Statistically significant?

Earlier this month, I went on a teensy bit of a rant about Human Rights Campaign’s Municipal Equality Index. Why was New Hope Borough, Bucks County, ranked, when we in Western Pennsylvania weren’t?

As Sue points out, HRC included those communities among the top 50 municipalities in population, state capitals, and with statistically significant numbers of LGBTQ residents.

New Hope’s population was 2,528. According to research from UCLA’s Williams Institute, among cities with populations below 100,000, New Hope ranks ninth-highest for its percentage of same-sex couples, as reported to the U.S. Census, behind such communities as Provincetown, Mass., Wilton Manors, Fla., Palm Springs, Calif., and Rehoboth Beach, Del. (PDF)

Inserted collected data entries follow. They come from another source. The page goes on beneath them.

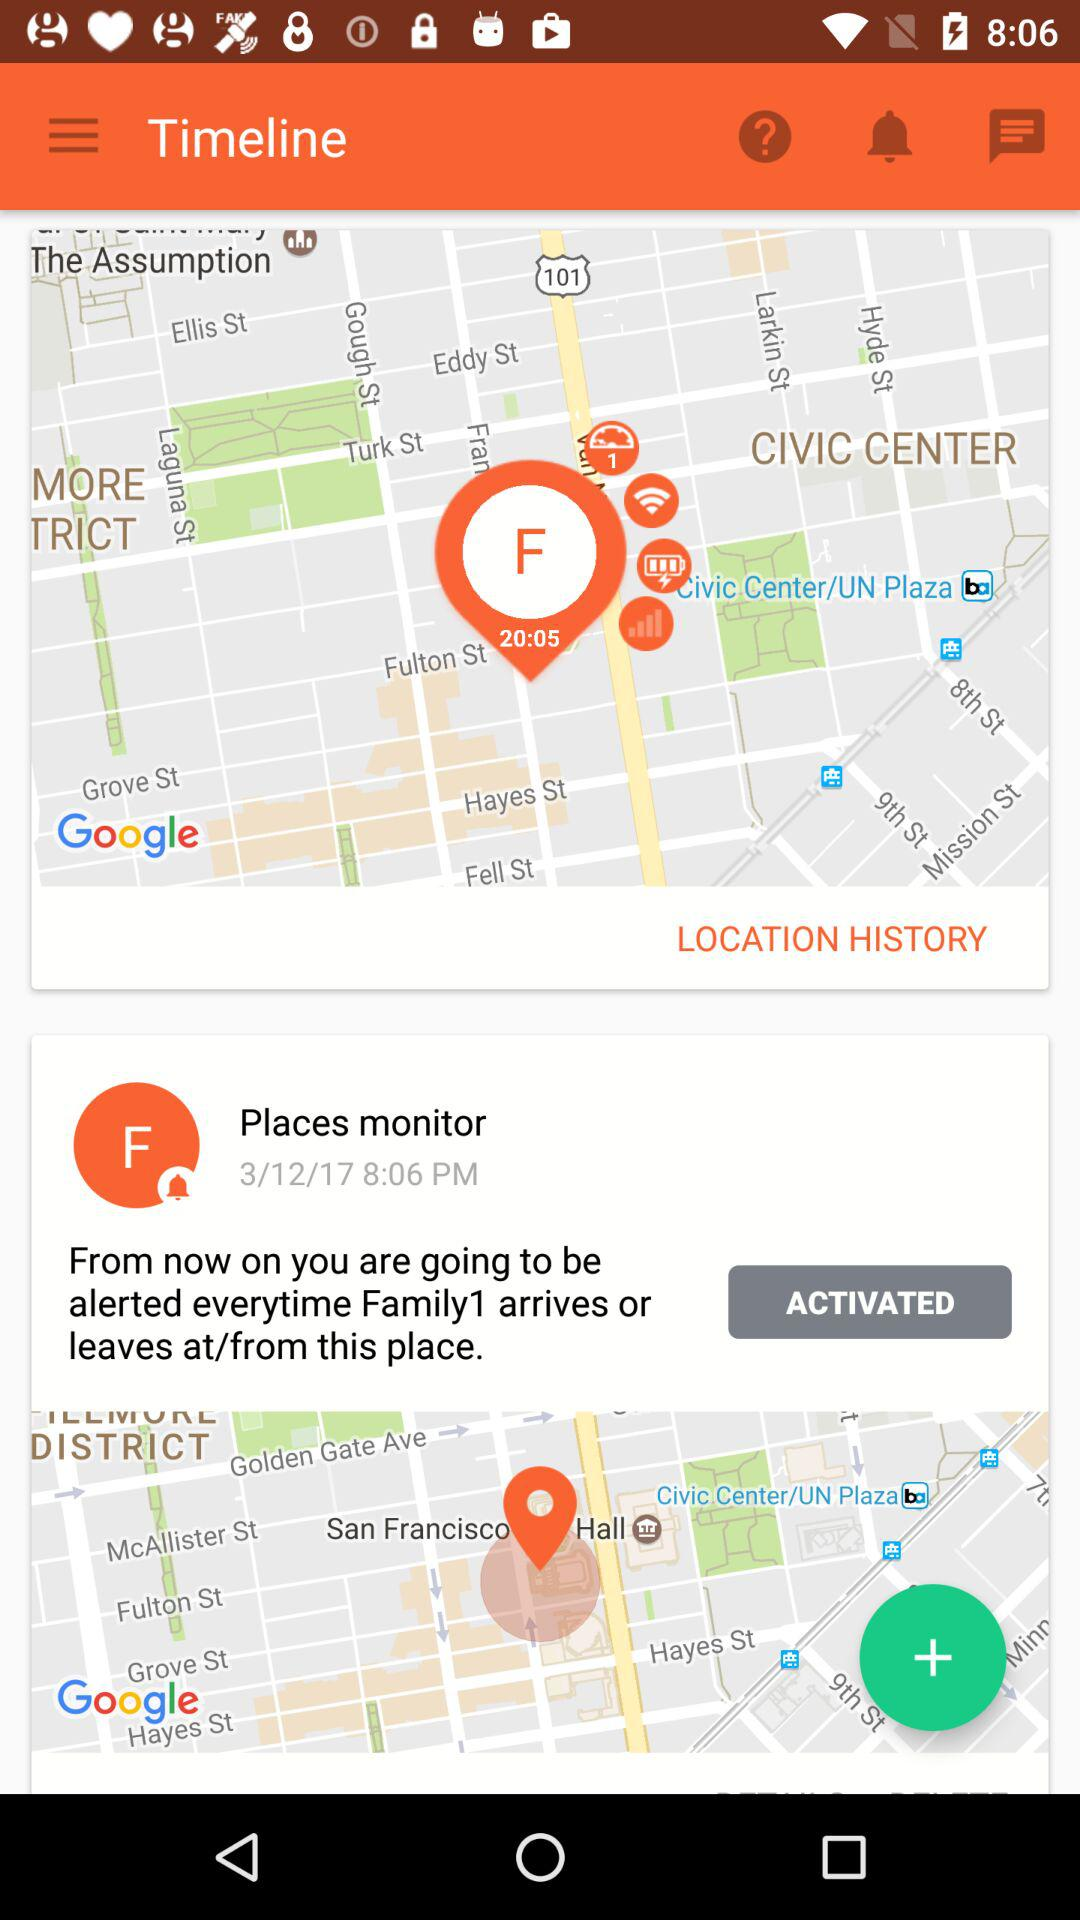How many places monitor does the user have?
Answer the question using a single word or phrase. 1 
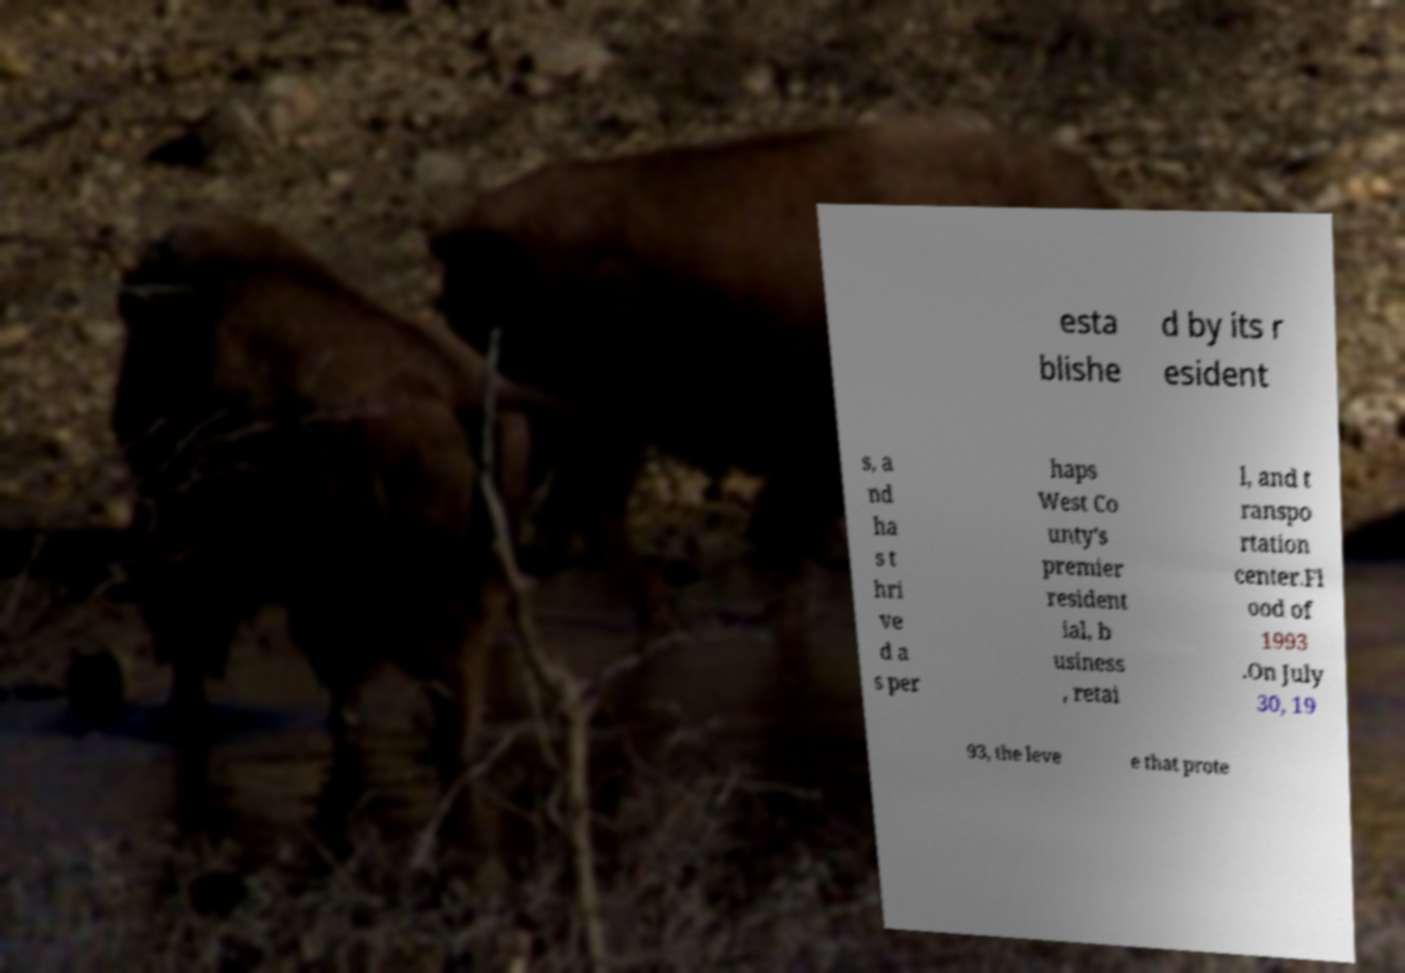There's text embedded in this image that I need extracted. Can you transcribe it verbatim? esta blishe d by its r esident s, a nd ha s t hri ve d a s per haps West Co unty's premier resident ial, b usiness , retai l, and t ranspo rtation center.Fl ood of 1993 .On July 30, 19 93, the leve e that prote 
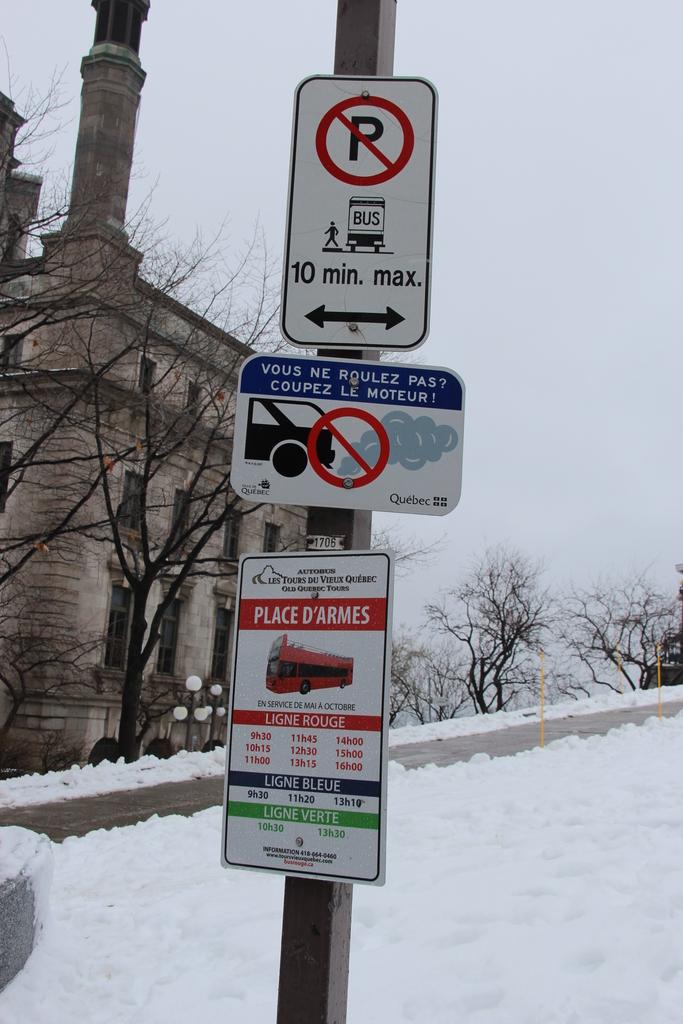How many minutes max on the top sign?
Keep it short and to the point. 10. 
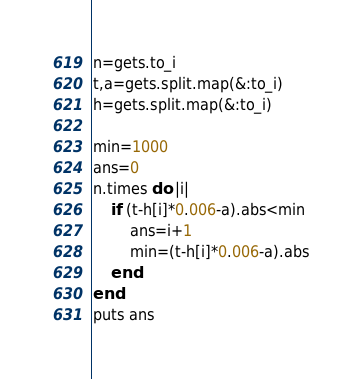Convert code to text. <code><loc_0><loc_0><loc_500><loc_500><_Ruby_>n=gets.to_i
t,a=gets.split.map(&:to_i)
h=gets.split.map(&:to_i)

min=1000
ans=0
n.times do |i|
    if (t-h[i]*0.006-a).abs<min
        ans=i+1
        min=(t-h[i]*0.006-a).abs
    end
end
puts ans
</code> 
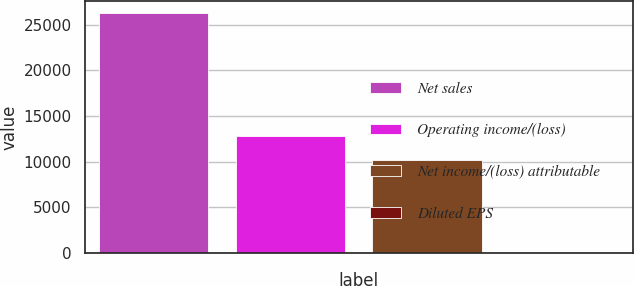Convert chart to OTSL. <chart><loc_0><loc_0><loc_500><loc_500><bar_chart><fcel>Net sales<fcel>Operating income/(loss)<fcel>Net income/(loss) attributable<fcel>Diluted EPS<nl><fcel>26268<fcel>12818<fcel>10192<fcel>8.36<nl></chart> 
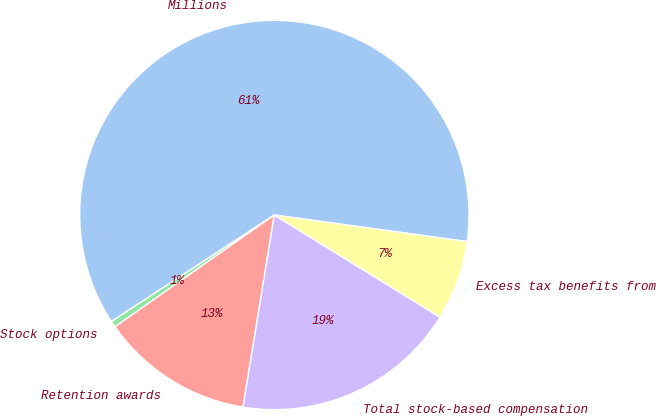Convert chart. <chart><loc_0><loc_0><loc_500><loc_500><pie_chart><fcel>Millions<fcel>Stock options<fcel>Retention awards<fcel>Total stock-based compensation<fcel>Excess tax benefits from<nl><fcel>61.4%<fcel>0.52%<fcel>12.69%<fcel>18.78%<fcel>6.61%<nl></chart> 
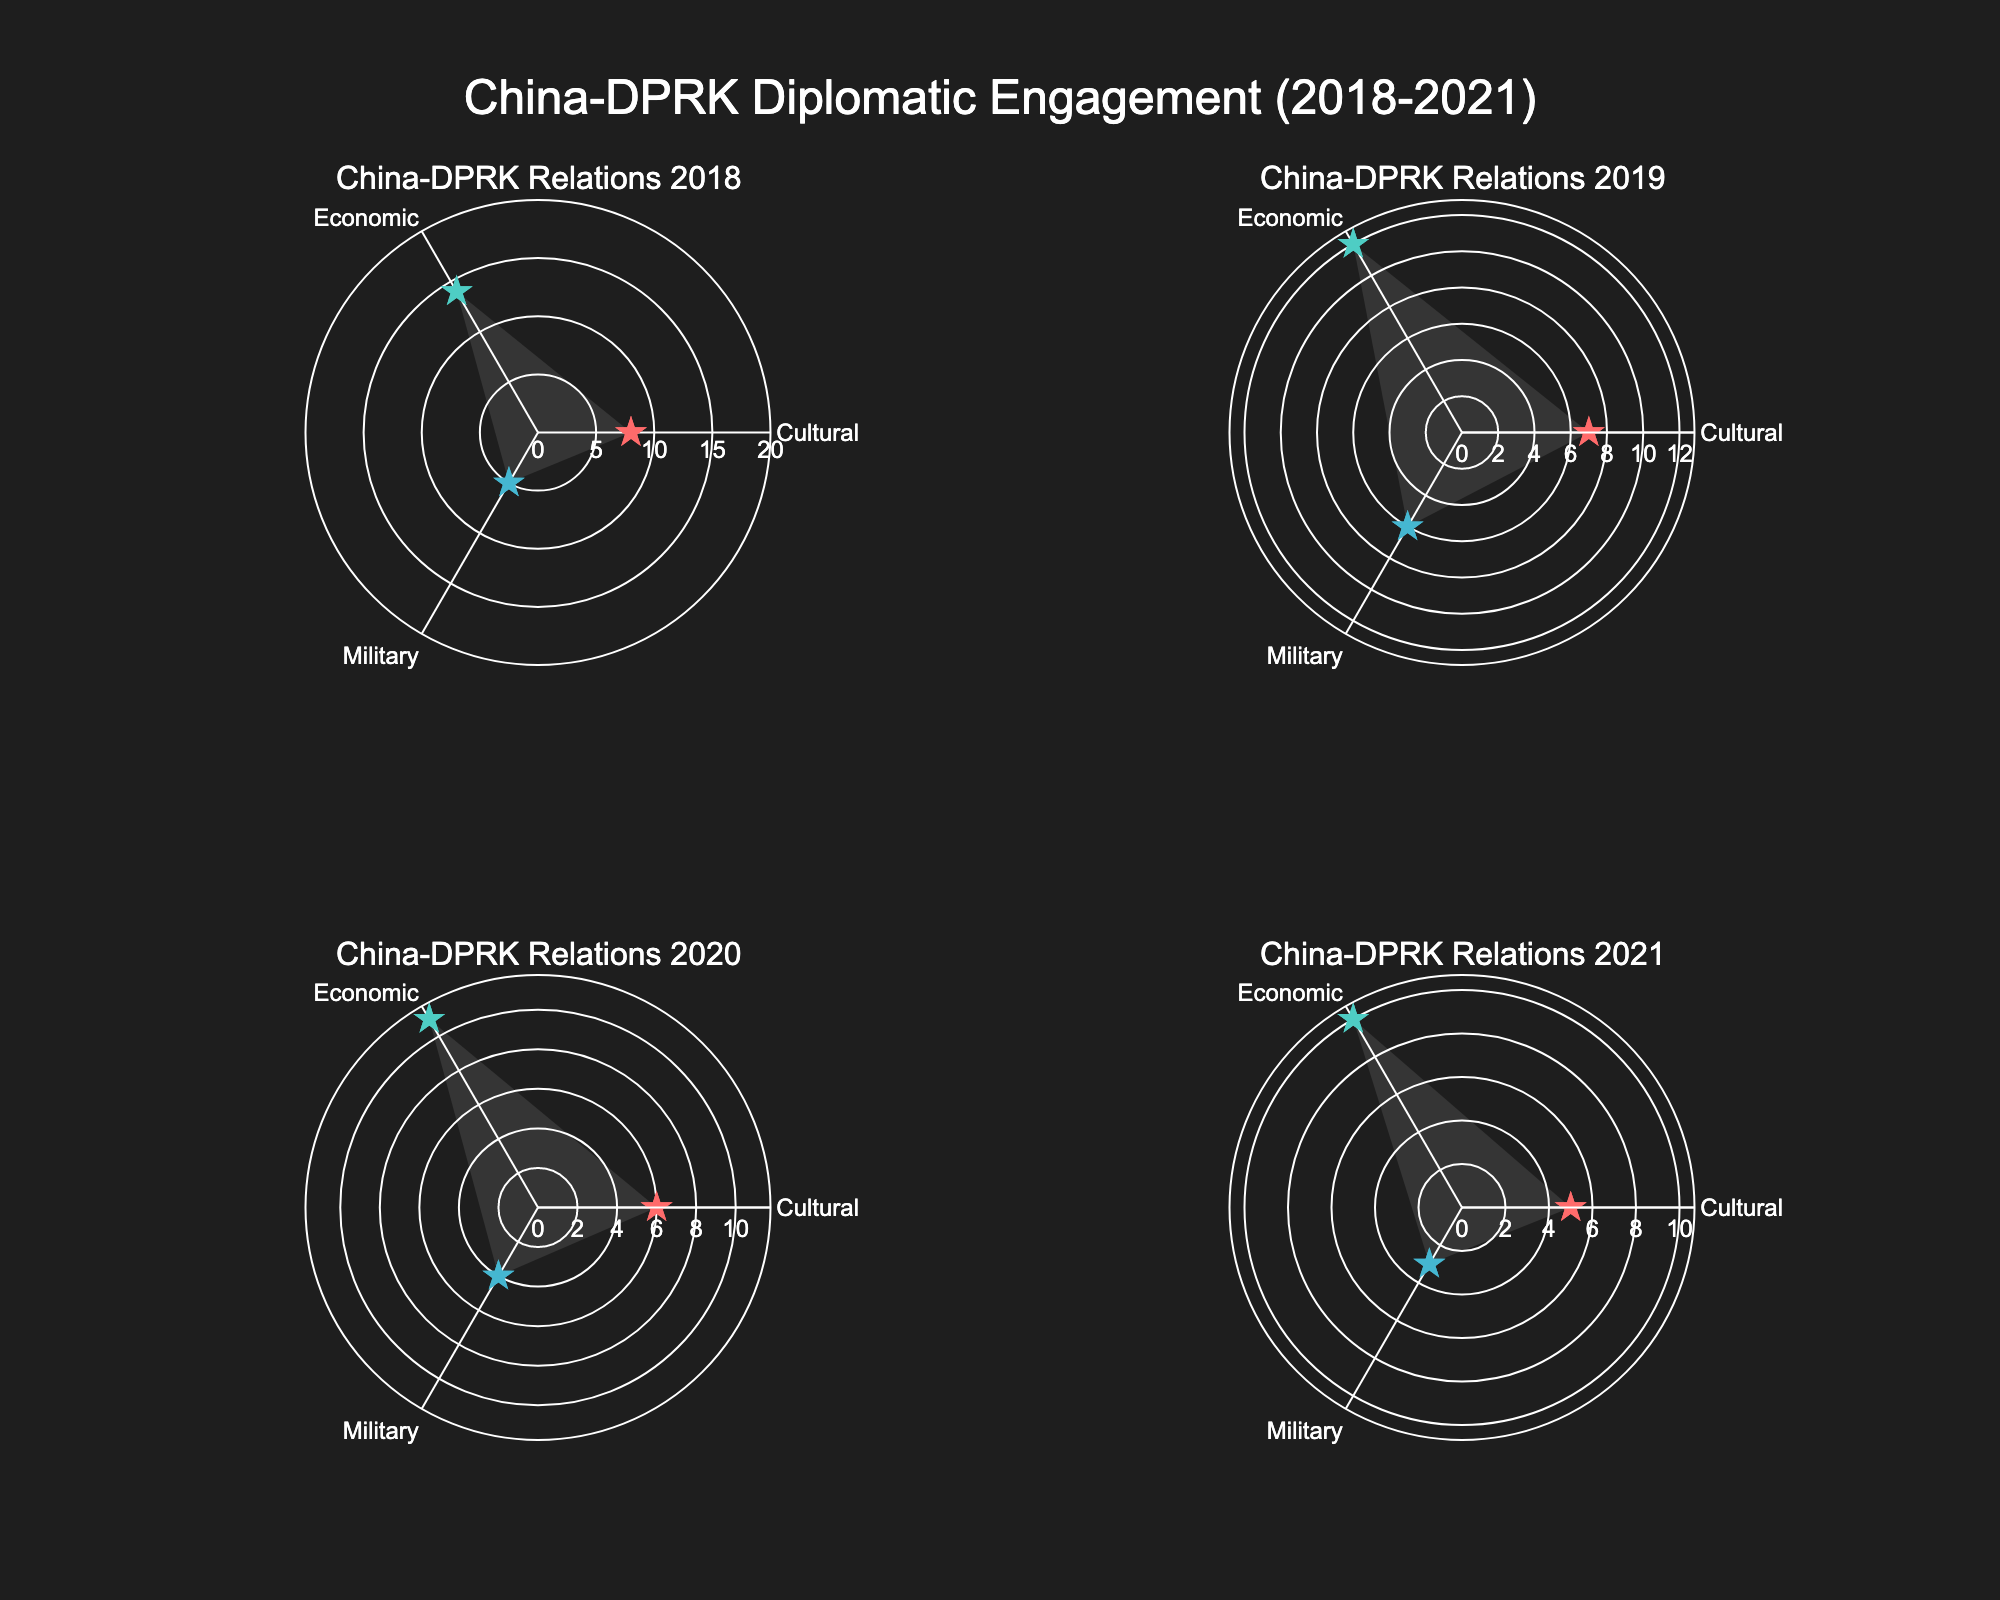what is the title of the overall plot? The title is located at the top center of the plot and it summarizes what the figure represents, highlighting the recent years covered.
Answer: China-DPRK Diplomatic Engagement (2018-2021) How many different types of diplomatic engagements are shown in each subplot? Each subplot shows the three types of diplomatic engagements, which are evident from the different categories displayed in the radial axis.
Answer: Three In 2020, what was the frequency of Economic engagements? By looking at the subplot for the year 2020, locate the 'Economic' category on the radial axis and read the corresponding value.
Answer: 11 Which year had the highest Cultural engagement frequency? By surveying each subplot, find the maximum value in the 'Cultural' category and identify the corresponding year.
Answer: 2018 What is the average Military engagement frequency over the years 2018, 2019, 2020, and 2021? Sum the Military engagement frequencies from these years (5 + 6 + 4 + 3) and then divide by 4 to find the average.
Answer: 4.5 Compare the Economic engagement frequencies between 2018 and 2019. Which year had a higher frequency and by how much? Locate the Economic engagement values for 2018 and 2019, then subtract the 2019 value from the 2018 value to find the difference.
Answer: 2018 by 2 Is there any year where the Military engagement was higher than Economic engagement? Comparing each year in the subplots, check if any Military engagement value is greater than the corresponding Economic engagement value.
Answer: No Which year had the lowest Military engagement frequency? Scan across each subplot's Military category to identify the lowest value and the corresponding year.
Answer: 2021 Are Cultural engagements consistently higher or lower than Military engagements from 2018 to 2021? By comparing the Cultural and Military engagement frequencies in each subplot from 2018 to 2021, observe if one category consistently has higher or lower values.
Answer: Higher Which diplomatic engagement type showed the least variation in frequency from 2018 to 2021? Calculate the range (max value - min value) of frequencies for each engagement type over the years and compare these ranges.
Answer: Military 
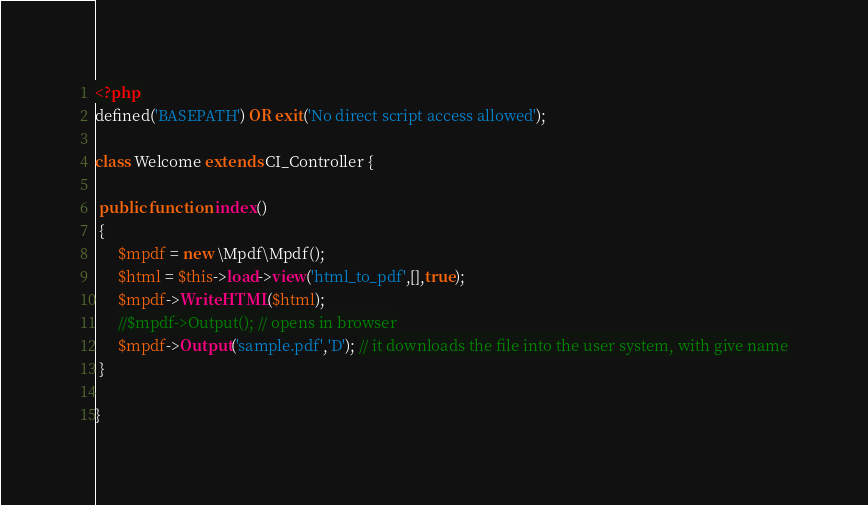<code> <loc_0><loc_0><loc_500><loc_500><_PHP_><?php
defined('BASEPATH') OR exit('No direct script access allowed');
 
class Welcome extends CI_Controller {
 
 public function index()
 {
      $mpdf = new \Mpdf\Mpdf();
      $html = $this->load->view('html_to_pdf',[],true);
      $mpdf->WriteHTML($html);
      //$mpdf->Output(); // opens in browser
      $mpdf->Output('sample.pdf','D'); // it downloads the file into the user system, with give name
 }
 
}
</code>

In fact, New Hope has more same-sex couples per 1,000 households than San Francisco and Fort Lauderdale—because New Hope has a high percentage of same-sex couples with a relatively small number of total residents.

We wondered, where do Pittsburgh and Allegheny County fall?

Well, getting reliable estimates of people who identify as gay, lesbian, bisexual, transgender, queer or some combination of terms isn’t easy. Since 2000, the U.S. Census has collected data on same-sex couples (they estimate, based on people’s responses … you can read more here) but they don’t specifically ask about sexual orientation or gender identity.

Private polling companies (such as Gallup) conduct periodic surveys, but getting your grubby little hands on their data isn’t easy.

Anyway, according to U.S. Census Data from 2010, about 0.77 percent of all households include a same-sex partnered couple. In Pennsylvania, it’s more like 0.67 percent.

According to U.S. Census estimates for 2010:

  • Allegheny County (including City of Pittsburgh):
    519,191 households; 0.6% “same-sex couples.” (2000: 0.5%)
  • City of Pittsburgh alone: 131,776 households, 0.7% “same-sex couples” (2000: 0.7%)
  • Beaver County: 69,760 households, 0.3% “same-sex couples” (2000: 0.3%)
  • Butler County: 72,566 households, 0.1% “same-sex couples” (2000: 0.5%)
  • Washington County: 83,804 households, 0.4% “same-sex couples” (2000: 0.4%)
  • Westmoreland County: 152,569 households, 0.2% “same-sex couples” (2000: 0.4%)

(Remember, these aren’t percentages of all people who are gay, lesbian, bisexual, transgendered or queer—these are only percentages of unmarried same-sex partners.)

Some of these numbers have pretty high margins of error—Butler County’s “0.1%” is less than its margin-of-error of 0.2%, which is one way of saying, “We have no freakin’ clue”—and these are small numbers, so you probably shouldn’t read much into them.

Pittsburgh and Allegheny and Beaver counties show drops in “households” (their population has declined) while numbers of “households” counted in Butler, Washington and Westmoreland went up.

If these numbers are accurate, it’s worth wondering why numbers of same-sex couples in Butler and Westmoreland went down. Those are pretty “red” counties (after all, someone has to be voting for state Rep. Daryl Metcalfe). Have gay couples moved away from Butler and Westmoreland?

Or are people in red counties nervous about reporting “same-sex” status on their Census forms? (By law, Census forms are supposed to be sealed for 72 years, but if one wacky census enumerator wanted to shame and/or “out” same-sex couples in her neighborhood, she could do a lot of damage.)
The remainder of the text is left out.